The bill Democrats named the Respect for Marriage Act (H.R.8404) – which has been deemed the "Disrespect for Marriage Act" by several faith-based groups – would make same-sex "marriage" the law of the land. The vote tonight will determine if Utah Senator Mike Lee's religious freedom amendment is included.
Senator Lee, in describing his amendment, says it would ensure that federal bureaucrats do not take "discriminatory actions" against individuals, organizations, nonprofits, and other entities based or their sincerely held religious beliefs or moral convictions about marriage by prohibiting the denial or revocation of tax-exempt status, licenses, contracts, benefits, etc.
"It would affirm that individuals still have the right to act according to their faith and deepest convictions even outside of their church or home," the GOP lawmaker adds.
Jameson Taylor is director of policy and legislative affairs for American Family Association. He says as currently written, the bill would eviscerate almost every religious freedom protection that currently exists and weaponize federal agencies against people of faith.
"[That's why] it is absolutely necessary that the Respect for Marriage Act get amended so that it authentically protects religious freedom," Jameson emphasizes.
AFA is asking its supporters to flood their senator's office with calls and emails expressing two concerns.
"The first is that there is a real potential for harm from the weaponization of federal agencies – the IRS, the FBI," Jameson explains. "The second thing that you can share with your senator is that there is a real option to protect religious freedom with the Mike Lee amendment."

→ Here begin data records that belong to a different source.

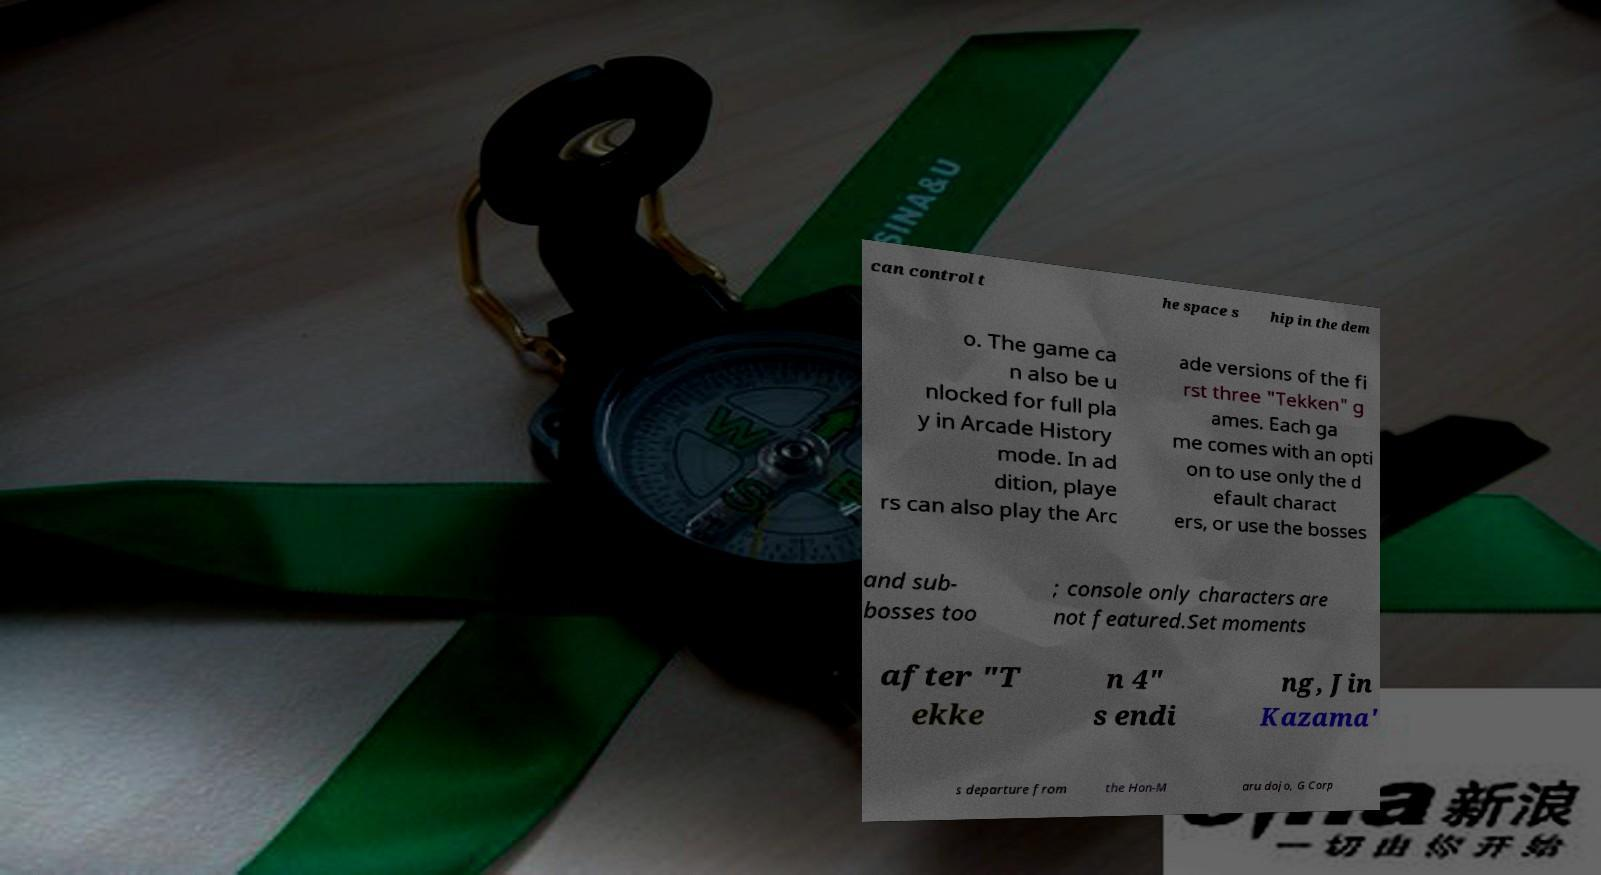For documentation purposes, I need the text within this image transcribed. Could you provide that? can control t he space s hip in the dem o. The game ca n also be u nlocked for full pla y in Arcade History mode. In ad dition, playe rs can also play the Arc ade versions of the fi rst three "Tekken" g ames. Each ga me comes with an opti on to use only the d efault charact ers, or use the bosses and sub- bosses too ; console only characters are not featured.Set moments after "T ekke n 4" s endi ng, Jin Kazama' s departure from the Hon-M aru dojo, G Corp 
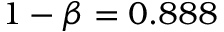<formula> <loc_0><loc_0><loc_500><loc_500>1 - \beta = 0 . 8 8 8</formula> 
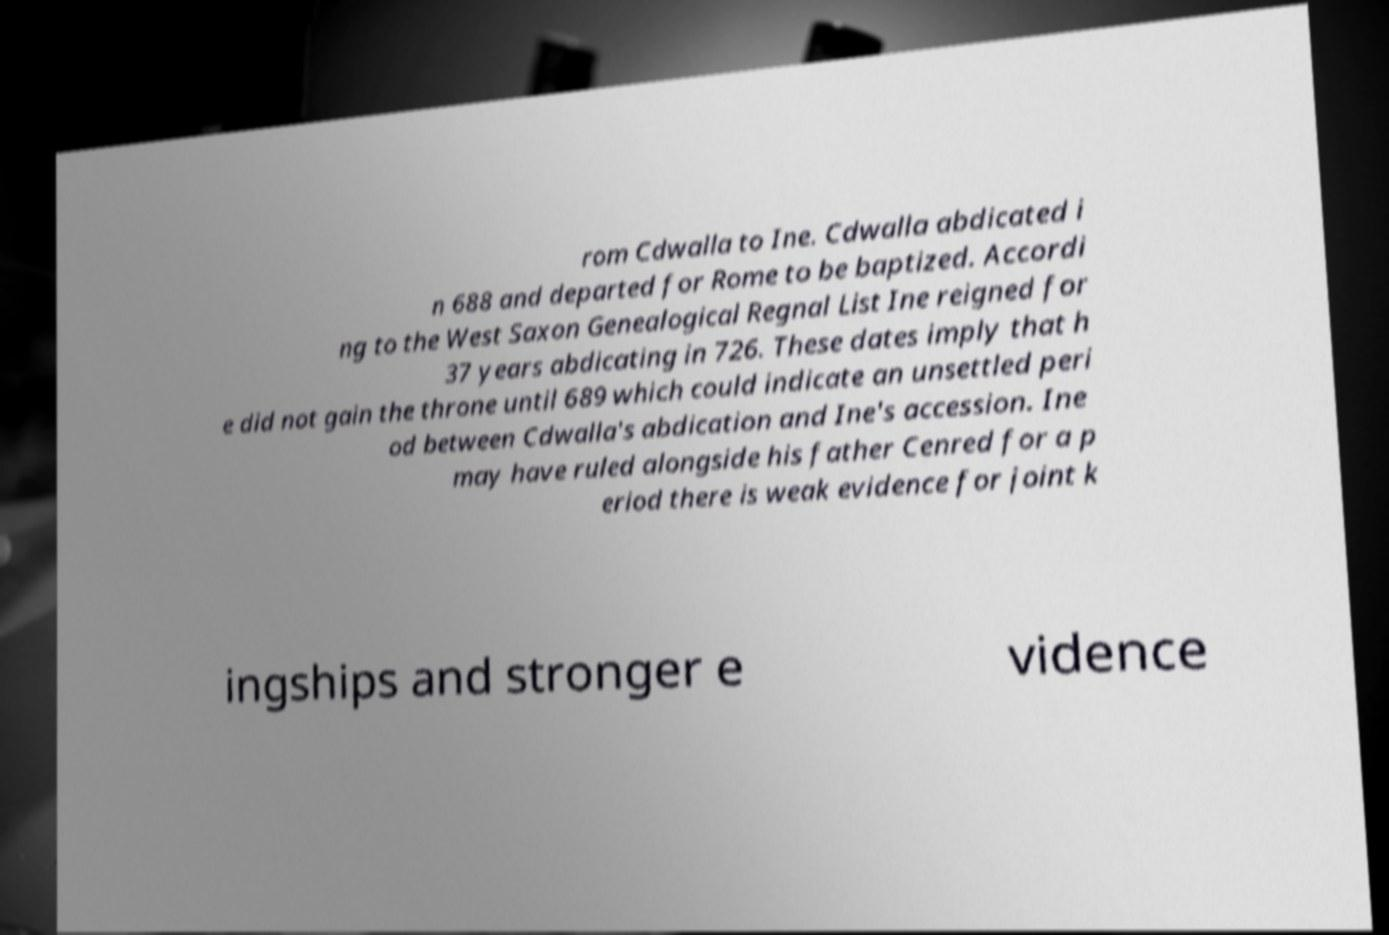What messages or text are displayed in this image? I need them in a readable, typed format. rom Cdwalla to Ine. Cdwalla abdicated i n 688 and departed for Rome to be baptized. Accordi ng to the West Saxon Genealogical Regnal List Ine reigned for 37 years abdicating in 726. These dates imply that h e did not gain the throne until 689 which could indicate an unsettled peri od between Cdwalla's abdication and Ine's accession. Ine may have ruled alongside his father Cenred for a p eriod there is weak evidence for joint k ingships and stronger e vidence 
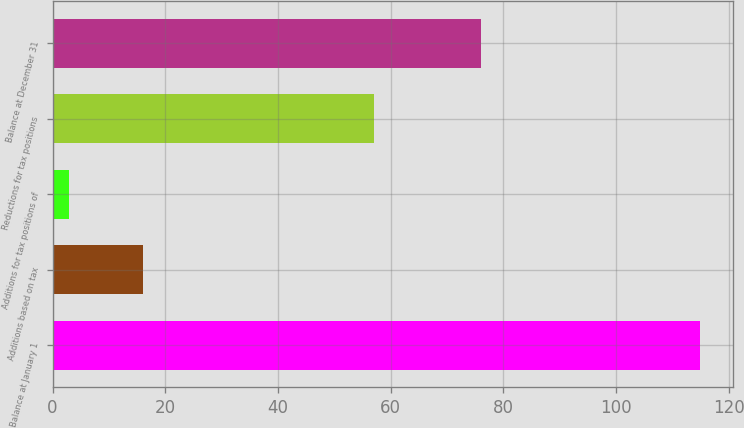Convert chart. <chart><loc_0><loc_0><loc_500><loc_500><bar_chart><fcel>Balance at January 1<fcel>Additions based on tax<fcel>Additions for tax positions of<fcel>Reductions for tax positions<fcel>Balance at December 31<nl><fcel>115<fcel>16<fcel>3<fcel>57<fcel>76<nl></chart>

Twelve Republican senators broke ranks and voted on November 16 for the bill to move forward. According to Jameson, at least three of those need to be persuaded to vote against the measure when it comes up for a final vote.
"There were several surprises among the [Republican] senators who voted for the Respect for Marriage Act," he tells AFN. "[For example] Todd Young of Indiana, Shelley Moore Capito of West Virginia, Joni Ernst of Iowa, Roy Blunt of Missouri."

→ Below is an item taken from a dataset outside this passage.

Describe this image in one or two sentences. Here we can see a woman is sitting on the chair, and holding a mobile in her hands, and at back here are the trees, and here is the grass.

But the AFA spokesman emphasizes all of those Republican senators need to hear all the voices of those who oppose H.R.8404 – not just from those who are their constituents.
"We need to get as many calls as we can into the U.S. Senate so that other senators can be aware of these problems," Jameson concludes. "[Then] they could share these sentiments with their other colleagues."
Editor's Note: The American Family Association is the parent organization of the American Family News Network, which operates AFN.net.